Retype, word for word, each line between the lines holding "26. cardboard box (1195,450,1222,489)" and "46. pallet (1423,209,1458,215)", inclusive, and leave the rest of the data alone.

==================================================

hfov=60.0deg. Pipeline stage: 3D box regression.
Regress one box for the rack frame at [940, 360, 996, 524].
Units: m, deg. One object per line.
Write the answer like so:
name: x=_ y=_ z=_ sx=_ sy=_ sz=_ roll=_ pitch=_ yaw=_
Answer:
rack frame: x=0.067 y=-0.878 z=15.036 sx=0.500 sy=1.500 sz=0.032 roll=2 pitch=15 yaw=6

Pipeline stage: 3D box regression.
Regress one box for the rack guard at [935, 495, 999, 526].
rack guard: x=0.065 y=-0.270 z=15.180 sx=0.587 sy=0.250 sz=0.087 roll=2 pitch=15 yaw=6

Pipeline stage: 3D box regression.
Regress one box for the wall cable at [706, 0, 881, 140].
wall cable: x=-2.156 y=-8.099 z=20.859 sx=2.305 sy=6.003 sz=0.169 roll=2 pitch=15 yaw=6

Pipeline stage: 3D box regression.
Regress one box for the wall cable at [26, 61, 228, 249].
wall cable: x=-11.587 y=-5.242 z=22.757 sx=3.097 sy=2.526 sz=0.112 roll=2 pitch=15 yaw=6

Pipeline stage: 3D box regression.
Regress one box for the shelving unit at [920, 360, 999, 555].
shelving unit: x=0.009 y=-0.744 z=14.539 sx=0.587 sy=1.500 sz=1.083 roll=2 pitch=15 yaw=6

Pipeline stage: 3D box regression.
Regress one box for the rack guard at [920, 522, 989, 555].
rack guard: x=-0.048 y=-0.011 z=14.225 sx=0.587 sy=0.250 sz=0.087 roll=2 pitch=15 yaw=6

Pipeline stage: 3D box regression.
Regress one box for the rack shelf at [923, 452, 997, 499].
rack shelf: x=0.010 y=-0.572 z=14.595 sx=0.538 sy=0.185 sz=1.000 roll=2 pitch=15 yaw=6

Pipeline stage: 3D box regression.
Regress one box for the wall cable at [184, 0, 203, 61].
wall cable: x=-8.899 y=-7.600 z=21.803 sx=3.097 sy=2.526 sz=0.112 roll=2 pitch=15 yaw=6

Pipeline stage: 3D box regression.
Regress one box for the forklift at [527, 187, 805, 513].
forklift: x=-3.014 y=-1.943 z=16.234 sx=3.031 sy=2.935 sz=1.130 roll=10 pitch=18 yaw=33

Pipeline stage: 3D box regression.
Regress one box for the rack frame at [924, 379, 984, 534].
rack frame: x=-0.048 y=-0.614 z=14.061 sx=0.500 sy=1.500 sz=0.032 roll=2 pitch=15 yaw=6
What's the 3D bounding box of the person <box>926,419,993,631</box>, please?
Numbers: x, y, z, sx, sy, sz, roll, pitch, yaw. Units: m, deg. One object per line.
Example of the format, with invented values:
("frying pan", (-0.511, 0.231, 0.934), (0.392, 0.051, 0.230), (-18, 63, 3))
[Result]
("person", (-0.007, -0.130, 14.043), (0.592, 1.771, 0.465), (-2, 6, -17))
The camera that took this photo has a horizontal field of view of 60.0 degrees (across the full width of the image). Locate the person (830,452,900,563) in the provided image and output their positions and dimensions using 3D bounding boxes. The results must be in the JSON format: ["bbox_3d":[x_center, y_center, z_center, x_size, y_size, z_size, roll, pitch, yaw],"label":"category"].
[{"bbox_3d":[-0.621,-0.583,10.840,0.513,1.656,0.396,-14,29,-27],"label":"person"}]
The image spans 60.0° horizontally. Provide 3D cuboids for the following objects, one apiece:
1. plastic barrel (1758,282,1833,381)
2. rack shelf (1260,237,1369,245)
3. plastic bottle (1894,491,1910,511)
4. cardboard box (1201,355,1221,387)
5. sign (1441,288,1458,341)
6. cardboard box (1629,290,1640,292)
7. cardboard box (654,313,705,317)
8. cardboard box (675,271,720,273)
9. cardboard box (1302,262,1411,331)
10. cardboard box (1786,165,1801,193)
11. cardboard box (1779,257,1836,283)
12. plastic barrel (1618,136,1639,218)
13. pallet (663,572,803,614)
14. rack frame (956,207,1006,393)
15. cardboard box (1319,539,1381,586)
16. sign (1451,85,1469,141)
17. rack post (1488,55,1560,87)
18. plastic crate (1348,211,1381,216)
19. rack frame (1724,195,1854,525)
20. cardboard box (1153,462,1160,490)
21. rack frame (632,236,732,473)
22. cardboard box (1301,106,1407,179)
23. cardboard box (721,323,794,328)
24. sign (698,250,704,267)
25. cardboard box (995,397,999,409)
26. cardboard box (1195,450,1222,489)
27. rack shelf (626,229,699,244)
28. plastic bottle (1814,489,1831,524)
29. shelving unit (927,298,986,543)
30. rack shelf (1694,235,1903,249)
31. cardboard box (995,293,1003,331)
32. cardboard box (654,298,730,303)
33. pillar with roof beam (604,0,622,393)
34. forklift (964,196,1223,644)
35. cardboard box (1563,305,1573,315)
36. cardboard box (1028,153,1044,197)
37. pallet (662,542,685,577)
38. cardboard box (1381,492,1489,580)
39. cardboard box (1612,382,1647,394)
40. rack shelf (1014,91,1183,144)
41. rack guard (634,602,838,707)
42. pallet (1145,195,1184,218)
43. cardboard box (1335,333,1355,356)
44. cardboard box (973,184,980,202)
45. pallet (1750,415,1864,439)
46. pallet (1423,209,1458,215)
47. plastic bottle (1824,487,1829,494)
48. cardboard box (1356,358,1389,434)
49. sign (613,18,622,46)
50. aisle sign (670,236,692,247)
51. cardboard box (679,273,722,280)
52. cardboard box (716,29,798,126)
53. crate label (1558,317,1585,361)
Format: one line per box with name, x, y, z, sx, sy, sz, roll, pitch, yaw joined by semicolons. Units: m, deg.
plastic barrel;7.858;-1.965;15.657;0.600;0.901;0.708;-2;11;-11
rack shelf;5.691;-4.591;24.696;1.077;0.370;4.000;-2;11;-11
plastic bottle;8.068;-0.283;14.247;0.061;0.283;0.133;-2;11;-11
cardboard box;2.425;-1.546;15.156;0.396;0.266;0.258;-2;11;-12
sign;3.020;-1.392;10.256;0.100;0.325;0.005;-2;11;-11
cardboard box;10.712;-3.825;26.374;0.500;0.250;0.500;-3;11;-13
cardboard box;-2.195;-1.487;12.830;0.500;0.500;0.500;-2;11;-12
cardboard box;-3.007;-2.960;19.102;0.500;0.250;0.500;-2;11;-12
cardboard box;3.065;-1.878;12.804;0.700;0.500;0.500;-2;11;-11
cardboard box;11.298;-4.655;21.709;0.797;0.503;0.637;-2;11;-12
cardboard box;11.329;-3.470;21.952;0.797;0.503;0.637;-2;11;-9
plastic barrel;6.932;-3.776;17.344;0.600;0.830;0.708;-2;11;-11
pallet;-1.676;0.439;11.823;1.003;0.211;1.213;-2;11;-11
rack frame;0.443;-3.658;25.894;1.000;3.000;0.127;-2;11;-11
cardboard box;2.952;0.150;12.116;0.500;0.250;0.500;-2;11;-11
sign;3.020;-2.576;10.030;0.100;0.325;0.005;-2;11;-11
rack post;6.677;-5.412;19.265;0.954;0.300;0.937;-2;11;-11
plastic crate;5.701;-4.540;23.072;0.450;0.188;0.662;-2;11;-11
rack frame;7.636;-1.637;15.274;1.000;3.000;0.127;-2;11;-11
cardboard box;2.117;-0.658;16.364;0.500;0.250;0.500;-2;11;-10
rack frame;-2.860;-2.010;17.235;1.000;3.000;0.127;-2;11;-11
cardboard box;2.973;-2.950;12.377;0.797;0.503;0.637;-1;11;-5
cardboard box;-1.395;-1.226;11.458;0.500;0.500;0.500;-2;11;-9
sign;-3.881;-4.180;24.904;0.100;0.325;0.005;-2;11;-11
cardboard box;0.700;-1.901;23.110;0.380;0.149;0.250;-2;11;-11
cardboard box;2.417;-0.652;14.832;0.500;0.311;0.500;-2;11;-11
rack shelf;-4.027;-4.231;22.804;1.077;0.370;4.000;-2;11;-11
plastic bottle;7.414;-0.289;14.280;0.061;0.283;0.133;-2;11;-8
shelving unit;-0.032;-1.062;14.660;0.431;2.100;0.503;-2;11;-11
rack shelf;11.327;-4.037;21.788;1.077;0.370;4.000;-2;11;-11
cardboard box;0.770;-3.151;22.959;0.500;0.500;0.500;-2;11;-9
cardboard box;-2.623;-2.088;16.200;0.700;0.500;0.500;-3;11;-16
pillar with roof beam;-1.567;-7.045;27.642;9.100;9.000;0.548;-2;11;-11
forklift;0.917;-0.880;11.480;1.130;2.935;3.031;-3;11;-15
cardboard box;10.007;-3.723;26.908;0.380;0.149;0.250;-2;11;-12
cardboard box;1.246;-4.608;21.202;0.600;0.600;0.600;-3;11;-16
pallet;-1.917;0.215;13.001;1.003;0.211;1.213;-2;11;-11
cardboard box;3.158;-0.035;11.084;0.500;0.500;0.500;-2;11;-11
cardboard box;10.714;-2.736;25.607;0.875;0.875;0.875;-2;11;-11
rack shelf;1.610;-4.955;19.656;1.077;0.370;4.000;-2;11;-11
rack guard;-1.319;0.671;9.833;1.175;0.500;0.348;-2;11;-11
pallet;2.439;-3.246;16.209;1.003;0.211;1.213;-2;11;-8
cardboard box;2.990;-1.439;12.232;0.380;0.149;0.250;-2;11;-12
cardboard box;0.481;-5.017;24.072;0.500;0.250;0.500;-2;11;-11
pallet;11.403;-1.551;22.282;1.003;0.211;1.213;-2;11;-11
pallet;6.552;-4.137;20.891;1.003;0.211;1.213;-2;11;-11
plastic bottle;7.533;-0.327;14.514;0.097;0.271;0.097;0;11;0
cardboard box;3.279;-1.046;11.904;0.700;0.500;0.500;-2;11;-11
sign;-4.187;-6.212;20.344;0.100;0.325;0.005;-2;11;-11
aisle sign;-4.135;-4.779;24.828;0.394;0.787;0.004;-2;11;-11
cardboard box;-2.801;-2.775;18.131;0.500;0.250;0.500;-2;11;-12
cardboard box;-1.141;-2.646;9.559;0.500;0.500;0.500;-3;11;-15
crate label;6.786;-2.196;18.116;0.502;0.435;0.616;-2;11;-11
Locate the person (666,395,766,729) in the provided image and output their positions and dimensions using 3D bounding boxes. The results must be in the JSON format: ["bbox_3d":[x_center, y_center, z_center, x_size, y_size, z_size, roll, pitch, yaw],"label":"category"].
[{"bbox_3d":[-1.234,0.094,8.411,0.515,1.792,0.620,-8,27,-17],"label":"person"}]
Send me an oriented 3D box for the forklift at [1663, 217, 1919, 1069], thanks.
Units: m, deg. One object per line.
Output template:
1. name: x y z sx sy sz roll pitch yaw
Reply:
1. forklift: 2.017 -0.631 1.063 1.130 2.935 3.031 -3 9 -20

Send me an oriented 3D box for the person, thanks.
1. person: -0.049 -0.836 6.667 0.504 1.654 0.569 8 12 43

==================================================

* RESULT OF THE TASK *
26. cardboard box (1195,450,1222,489)
27. rack shelf (626,229,699,244)
28. plastic bottle (1814,489,1831,524)
29. shelving unit (927,298,986,543)
30. rack shelf (1694,235,1903,249)
31. cardboard box (995,293,1003,331)
32. cardboard box (654,298,730,303)
33. pillar with roof beam (604,0,622,393)
34. forklift (964,196,1223,644)
35. cardboard box (1563,305,1573,315)
36. cardboard box (1028,153,1044,197)
37. pallet (662,542,685,577)
38. cardboard box (1381,492,1489,580)
39. cardboard box (1612,382,1647,394)
40. rack shelf (1014,91,1183,144)
41. rack guard (634,602,838,707)
42. pallet (1145,195,1184,218)
43. cardboard box (1335,333,1355,356)
44. cardboard box (973,184,980,202)
45. pallet (1750,415,1864,439)
46. pallet (1423,209,1458,215)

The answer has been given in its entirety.